→ Aim of the task
How many lines of the data contain the string "Lengths"? Write the number and nothing more.

→ Material provided
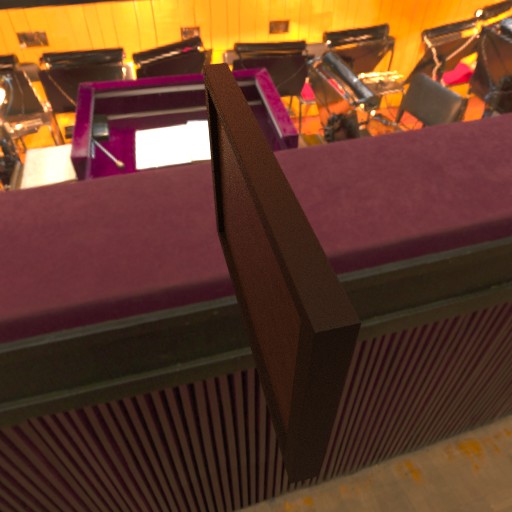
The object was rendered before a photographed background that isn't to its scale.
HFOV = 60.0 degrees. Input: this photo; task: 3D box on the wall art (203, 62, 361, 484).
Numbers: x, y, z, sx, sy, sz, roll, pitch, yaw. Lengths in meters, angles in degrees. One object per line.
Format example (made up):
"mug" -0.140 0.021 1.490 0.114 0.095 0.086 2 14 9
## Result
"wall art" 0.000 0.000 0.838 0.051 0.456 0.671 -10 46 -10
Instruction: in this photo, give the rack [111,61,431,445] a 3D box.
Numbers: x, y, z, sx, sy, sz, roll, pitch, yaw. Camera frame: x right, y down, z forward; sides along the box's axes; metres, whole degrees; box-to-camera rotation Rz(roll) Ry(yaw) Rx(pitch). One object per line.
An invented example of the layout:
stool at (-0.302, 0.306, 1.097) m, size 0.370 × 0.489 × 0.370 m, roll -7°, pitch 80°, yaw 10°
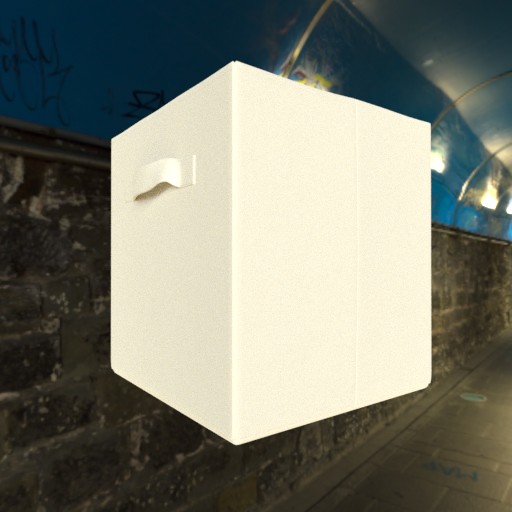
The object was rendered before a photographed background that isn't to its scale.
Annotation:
...
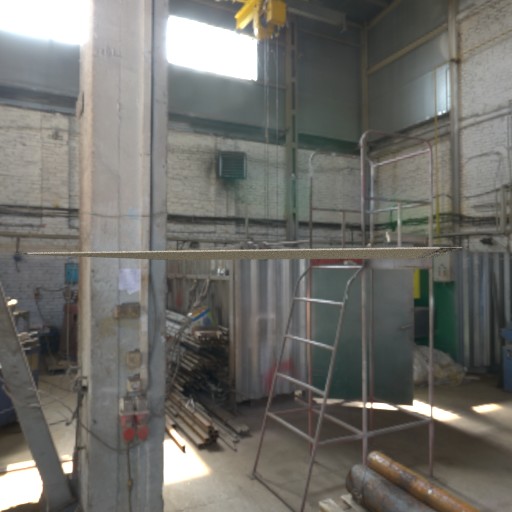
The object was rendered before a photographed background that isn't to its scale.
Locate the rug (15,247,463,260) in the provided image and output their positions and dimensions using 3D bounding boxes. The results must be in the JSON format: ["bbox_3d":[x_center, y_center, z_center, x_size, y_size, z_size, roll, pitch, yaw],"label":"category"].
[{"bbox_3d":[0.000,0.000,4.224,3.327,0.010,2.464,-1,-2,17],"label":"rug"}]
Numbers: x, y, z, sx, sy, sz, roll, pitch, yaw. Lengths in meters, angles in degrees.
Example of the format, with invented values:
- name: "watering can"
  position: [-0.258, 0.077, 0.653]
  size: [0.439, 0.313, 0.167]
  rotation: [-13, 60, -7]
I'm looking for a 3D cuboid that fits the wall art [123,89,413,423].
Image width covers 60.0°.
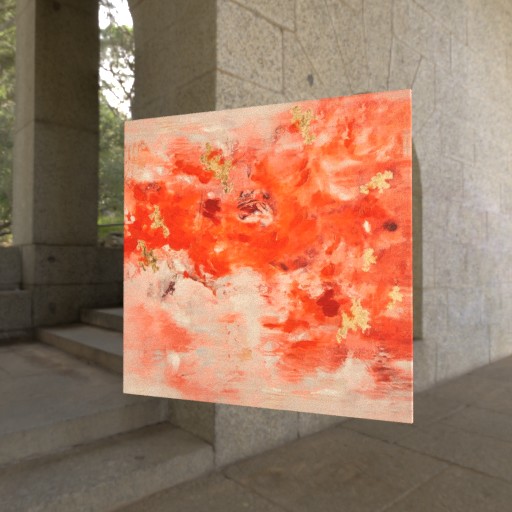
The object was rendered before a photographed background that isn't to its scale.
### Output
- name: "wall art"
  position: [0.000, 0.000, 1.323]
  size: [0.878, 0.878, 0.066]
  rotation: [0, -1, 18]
---
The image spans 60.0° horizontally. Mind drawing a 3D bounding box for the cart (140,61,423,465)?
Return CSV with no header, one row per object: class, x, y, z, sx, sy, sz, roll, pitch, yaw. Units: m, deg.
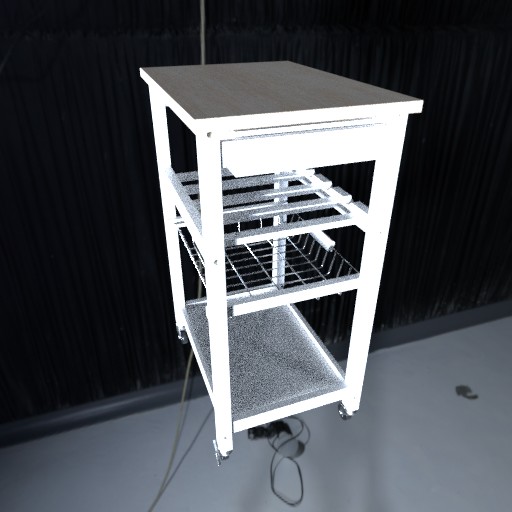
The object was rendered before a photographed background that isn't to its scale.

→ Problem solution
2